There are certain cases where employing FFI in Python could be more harmful than helpful:
- If a native Python library is available: If there’s already a Python library that solves your problem, using FFI might be overkill. In such cases, it’s usually better to rely on the native Python solution, which is likely more straightforward and tailored to Python’s ecosystem.
- If performance isn’t a concern: When you’re not dealing with large datasets or computationally expensive tasks, FFI can introduce unnecessary complexity. Native Python code can be simpler, easier to debug, and sufficient for many use cases.
- If you lack FFI experience: FFI demands knowledge of low-level languages like C or C++. Without experience in these areas, working with FFI can become a time-consuming and error-prone process.
- If your environment doesn’t support FFI: Some environments, such as browsers or certain mobile platforms, may not support FFI. In these cases, it’s best to rely on the native capabilities of the environment rather than attempting FFI, which may not work or could require complicated workarounds.
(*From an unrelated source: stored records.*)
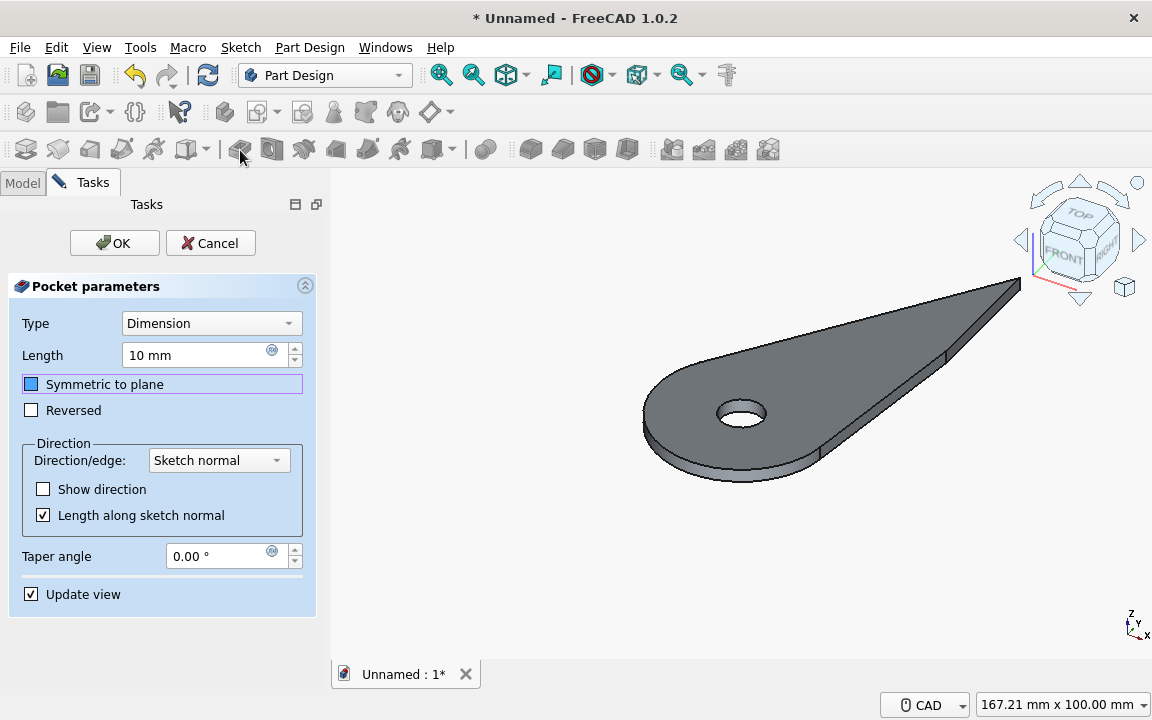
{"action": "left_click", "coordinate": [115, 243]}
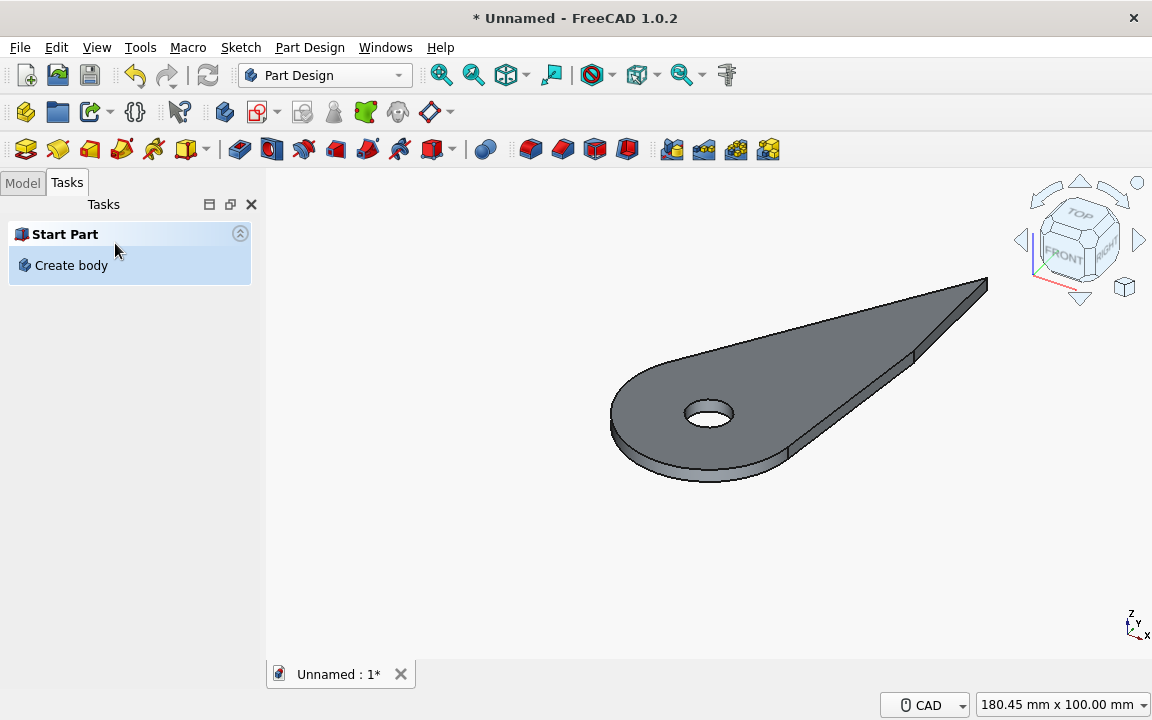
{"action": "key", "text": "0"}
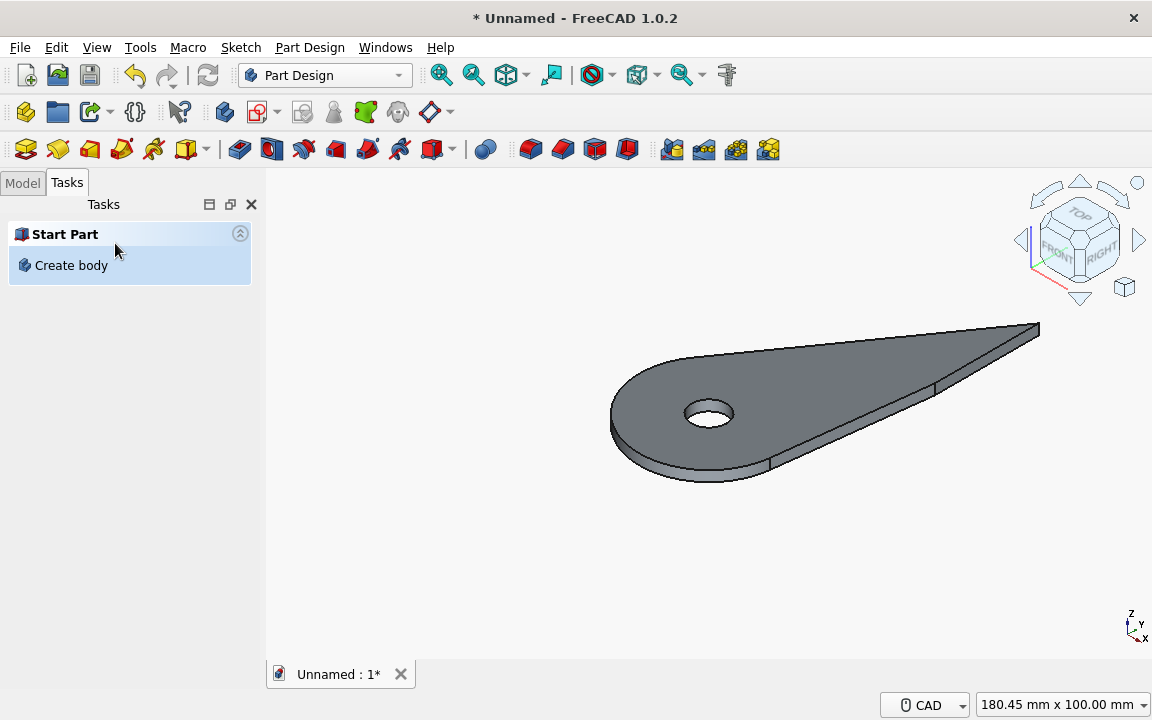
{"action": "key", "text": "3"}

- If security is a concern: Using FFI could introduce security risks, particularly if you’re calling unknown libraries or external code. In such situations, it’s crucial to use trusted and well-vetted libraries, and to carefully review any external code for potential vulnerabilities.
In general, the decision to use FFI in Python should be a careful, considered one based on the needs of your project and whether Python-native libraries can solve the problem just as effectively.